The hands disappeared.

In the 1970s, almost every American high school taught shop class — wood, metal, auto, ceramics. Then the rules changed. A federal law called No Child Left Behind tied school funding to test scores, and there is no standardized test for building a chair. So when budgets got tight, the expensive rooms were cut first. The school’s lawyers looked at the table saws and said they were too dangerous to keep. Guidance counselors stopped mentioning the trades, unless a kid was already failing the academic track.

The math is brutal. In the mid-1980s, there were 48,000 shop teachers in American schools. Most of them are retired or dead now. Nobody replaced them. Two full generations of Americans have grown up without ever holding a real tool in a classroom. The path from a kid who is good with their hands to an adult who builds things for a living — that path closed.

7M → 500K
Students taking shop class in American high schools. 1982 vs. today.
48K → few K
Shop teachers in America. 1982 vs. today.
50%
Of starter office jobs — customer service, bookkeeping, junior coding — that AI may take over within five years.

The tool woke up.

Half of all starter office jobs — customer service, junior accounting, entry-level coding, paralegal work, basic graphic design — could be gone in five years. AI will do them. That is not a warning from a critic. It is the public position of the CEO of the company building the most powerful AI in the world. The most powerful tool of our lifetime just landed in everyone’s pocket, and nobody has taught anyone how to use it.

High schools are not teaching AI. Employers are not training people on it. Community colleges do not offer it as a course of study. The people who need it most are the last to get it — the small business owner trying to keep up, the tradesperson whose paperwork just got harder, the first-time inventor with an idea and no map, the young adult walking into a job market that is shrinking faster than anyone admits.

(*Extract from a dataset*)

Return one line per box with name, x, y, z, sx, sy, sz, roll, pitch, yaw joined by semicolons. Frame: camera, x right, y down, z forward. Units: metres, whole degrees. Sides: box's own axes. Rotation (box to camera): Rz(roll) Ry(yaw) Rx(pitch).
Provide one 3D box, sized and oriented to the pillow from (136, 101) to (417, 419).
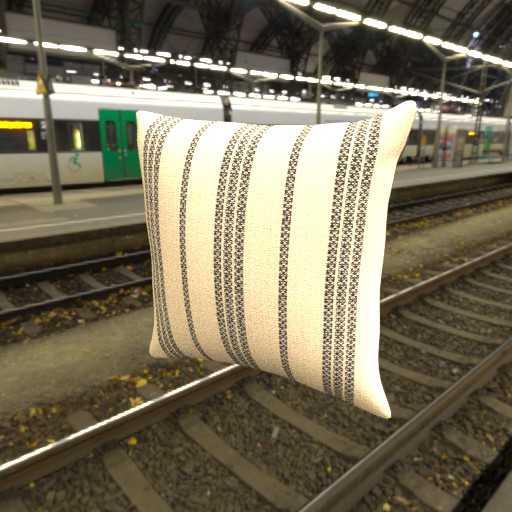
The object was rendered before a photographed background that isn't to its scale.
pillow;0.000;0.000;0.633;0.405;0.406;0.173;7;16;25

An entire country lost the ability to work with its hands because nobody built the high ground in time. The water is pulling back again. The beach looks fine. It is not fine.

The Pattern

Two generations forgot how to build. Now the most powerful tool in history showed up and nobody knows how to use that one either. Same story. Different wave.

The high ground.

CrowdSmith Foundation is building that high ground for both waves. The Maker Continuum is a building. Inside that building, a person moves through five stations — from hand tools, to power tools, to a real conversation with an AI, to laser cutters and 3D printers, to robotics. By the end, they have skills the country forgot how to teach. They also have something nobody else is teaching: how to work alongside an AI without being replaced by it.

Stations One and Two answer the first wave. Hands on real tools. The shop class that disappeared. Station Three answers the second wave. It is a quiet room where a person sits down and learns how to actually use an AI — not as a toy, not as a search engine, but as a partner. Stations Four and Five are for the people who got hooked at the first three stations and want to go further. The kid who built one small thing at Station One, and now wants to design something nobody has built before.

The plan is to build 3,000 of these facilities across the country. That is not an ambition number. It is the number the problem demands. Every mid-size American city used to have a place where a young person could learn a skill that led to a job. Most of those places are gone. The money math works. The comparison to Habitat for Humanity and Goodwill shows it can scale. The question is not whether the model works. The question is whether it opens fast enough.

“CrowdSmith is what honesty looks like when it picks up a hammer.”